In a series of interviews yesterday throughout Australia The Prime Minister Tony Abbott, Warren Mundine Chair of the new Indigenous advisory council and the new Health Minister Peter Dutton have made a series significant annoucements including;
- PRIME Minister Tony Abbott’s new indigenous advisory council will complete a review of indigenous spending by early next year.
- Mr Abbott has begun recruiting people for the council, which will oversee a shake up of indigenous affairs. (see email contact below)
- HEALTH Minister Peter Dutton supports raising tobacco taxes but won’t raise taxes on alcohol because he says it doesn’t cut consumption.
- The new minister says boosting community-based mental health services will be one of his priorities in government.
- The Abbott Government will do more to stop indigenous Australians taking up smoking.
- Warren Mundine on Wednesday officially signed on to be the council’s chairman.
- He said his preference was for the council to have seven or eight members.
- The membership will be finalised before the end of October.
- And finally todays rumour “There are some OATSIH program areas being considered for transfer but there will be 3 month consultation”

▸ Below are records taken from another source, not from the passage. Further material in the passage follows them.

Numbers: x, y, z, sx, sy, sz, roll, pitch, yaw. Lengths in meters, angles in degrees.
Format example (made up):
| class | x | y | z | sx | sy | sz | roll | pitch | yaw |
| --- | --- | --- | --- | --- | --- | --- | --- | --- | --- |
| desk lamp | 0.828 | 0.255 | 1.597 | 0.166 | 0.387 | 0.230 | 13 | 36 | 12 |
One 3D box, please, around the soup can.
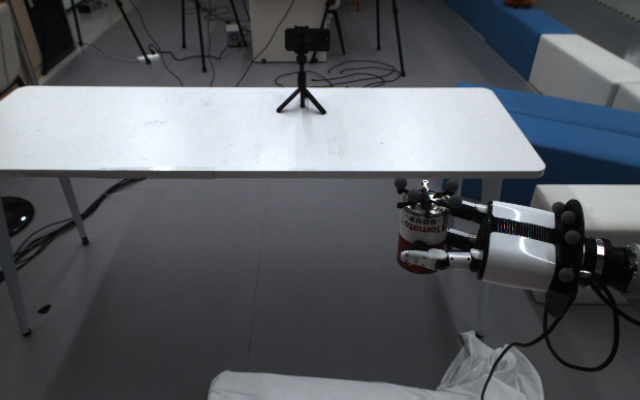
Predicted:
| class | x | y | z | sx | sy | sz | roll | pitch | yaw |
| --- | --- | --- | --- | --- | --- | --- | --- | --- | --- |
| soup can | 0.147 | 0.042 | 0.680 | 0.067 | 0.101 | 0.067 | -2 | 34 | 1 |
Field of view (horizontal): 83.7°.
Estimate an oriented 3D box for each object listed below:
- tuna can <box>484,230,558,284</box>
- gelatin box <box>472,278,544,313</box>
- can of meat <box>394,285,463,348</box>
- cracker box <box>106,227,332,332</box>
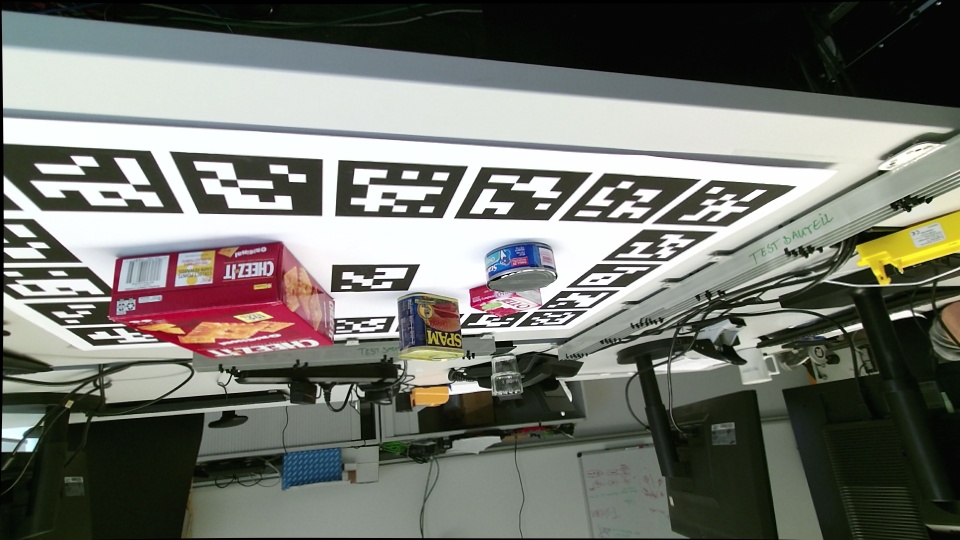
[{"bbox_3d":[0.049,-0.015,0.645,0.086,0.033,0.086,-7,156,-3],"label":"tuna can"},{"bbox_3d":[0.041,0.034,0.784,0.073,0.030,0.089,-15,155,29],"label":"gelatin box"},{"bbox_3d":[-0.077,0.069,0.786,0.058,0.083,0.102,-24,155,39],"label":"can of meat"},{"bbox_3d":[-0.282,0.027,0.623,0.165,0.071,0.214,-5,161,-1],"label":"cracker box"}]
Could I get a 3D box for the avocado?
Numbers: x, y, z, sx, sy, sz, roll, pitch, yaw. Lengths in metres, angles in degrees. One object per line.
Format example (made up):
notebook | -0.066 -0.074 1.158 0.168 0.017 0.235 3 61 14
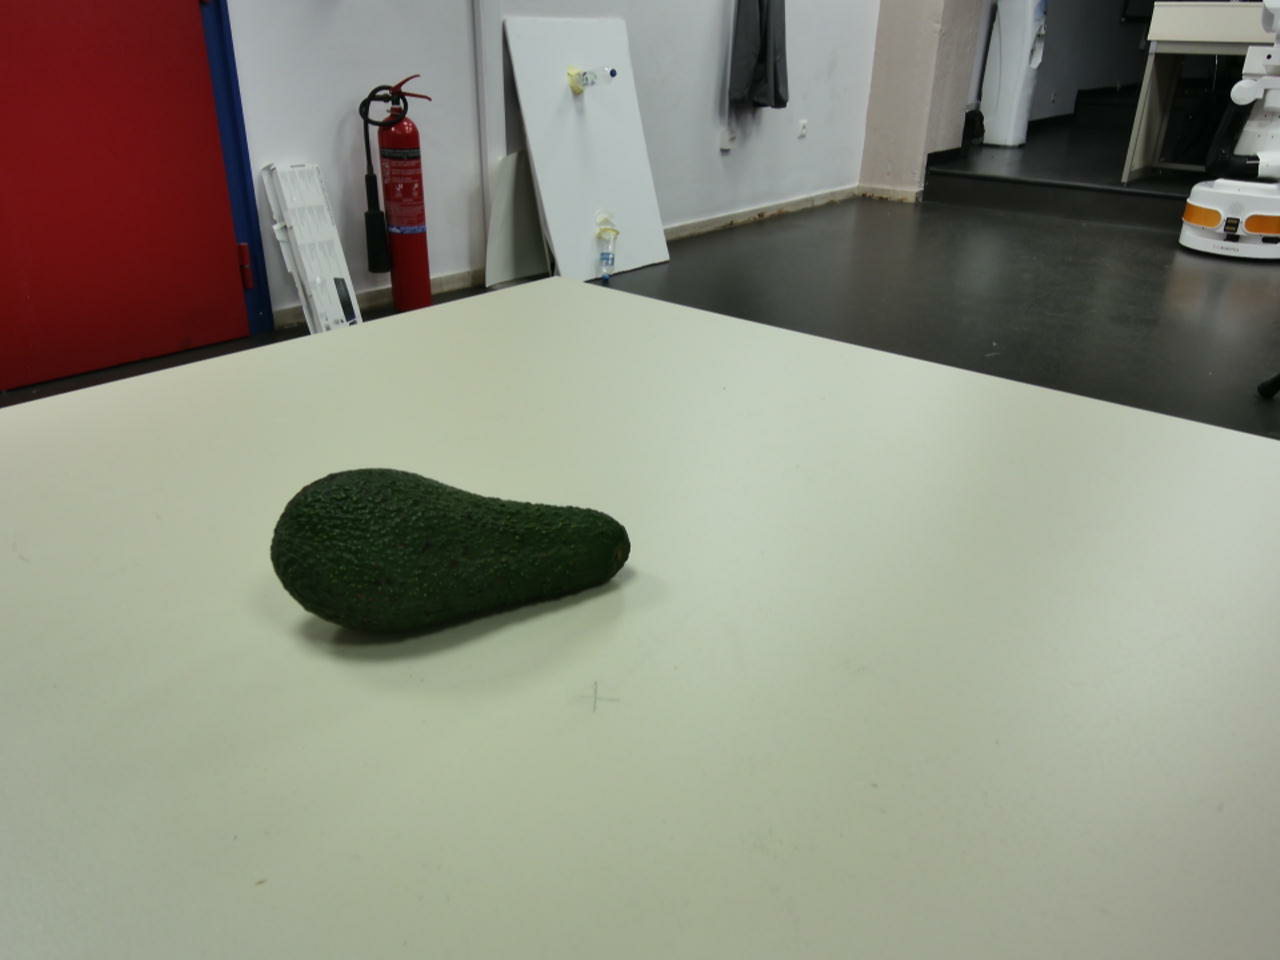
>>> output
avocado | -0.072 0.020 0.395 0.141 0.067 0.063 -16 27 -33
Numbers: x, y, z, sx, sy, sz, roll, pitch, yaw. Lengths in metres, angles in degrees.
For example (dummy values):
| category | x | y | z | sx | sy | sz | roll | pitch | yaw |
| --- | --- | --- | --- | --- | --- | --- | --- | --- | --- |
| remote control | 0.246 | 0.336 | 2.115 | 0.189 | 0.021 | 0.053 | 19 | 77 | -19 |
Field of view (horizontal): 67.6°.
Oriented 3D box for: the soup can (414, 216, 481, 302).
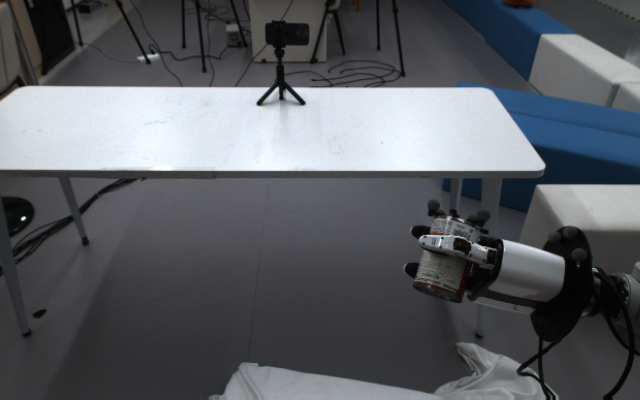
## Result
| category | x | y | z | sx | sy | sz | roll | pitch | yaw |
| --- | --- | --- | --- | --- | --- | --- | --- | --- | --- |
| soup can | 0.174 | 0.079 | 0.661 | 0.067 | 0.067 | 0.101 | 15 | 76 | 18 |
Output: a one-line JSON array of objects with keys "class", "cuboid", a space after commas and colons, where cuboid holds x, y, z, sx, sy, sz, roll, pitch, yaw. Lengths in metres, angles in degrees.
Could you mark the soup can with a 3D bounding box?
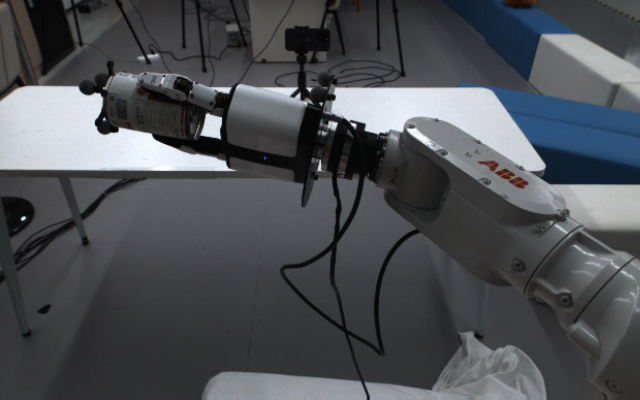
[{"class": "soup can", "cuboid": [-0.194, -0.111, 0.580, 0.101, 0.067, 0.067, 10, 35, -1]}]
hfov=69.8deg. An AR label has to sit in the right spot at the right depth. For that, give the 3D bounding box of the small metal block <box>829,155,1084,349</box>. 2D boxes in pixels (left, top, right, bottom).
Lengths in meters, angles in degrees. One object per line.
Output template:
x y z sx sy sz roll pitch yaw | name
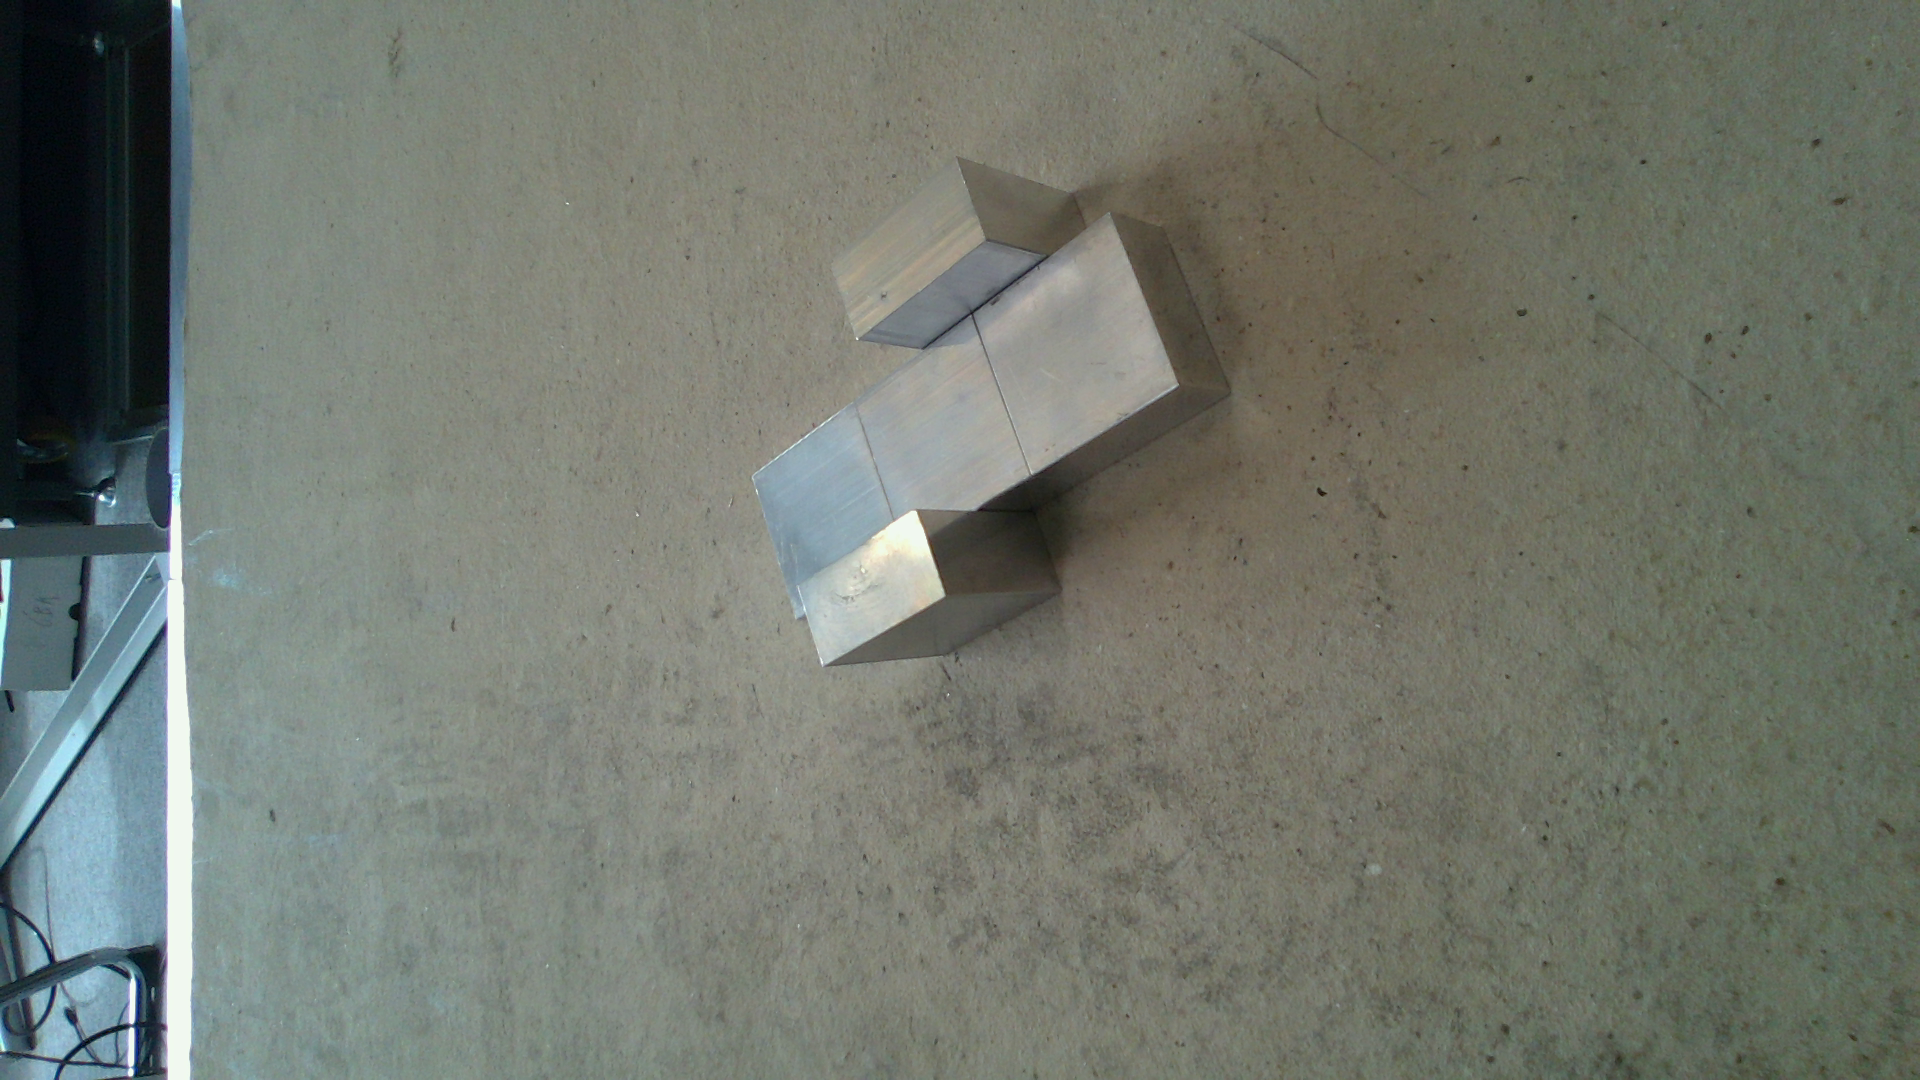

Mr Mundine spoke to Lisa Martin from AAP
“It’s not a representative committee … it’s a council of experts, indigenous and non-indigenous, who will be working in this space to get the socio-economic outcomes for indigenous people,” Mr Mundine told AAP.
“It will be based on expertise, but the majority will be indigenous people on the council.”
Mr Mundine confirmed former Department of the Prime Minister and Cabinet boss Peter Shergold will be on the council.
In the early 90s Dr Shergold headed the now defunct Aboriginal and Torres Strait Island Commission.
The council will meet Mr Abbott and senior ministers three times a year.
Mr Mundine, a former Labor national president, will meet with Mr Abbott and Indigenous Affairs Minister Nigel Scullion on a monthly basis.
Mr Mundine flagged that some meetings would be held in indigenous communities.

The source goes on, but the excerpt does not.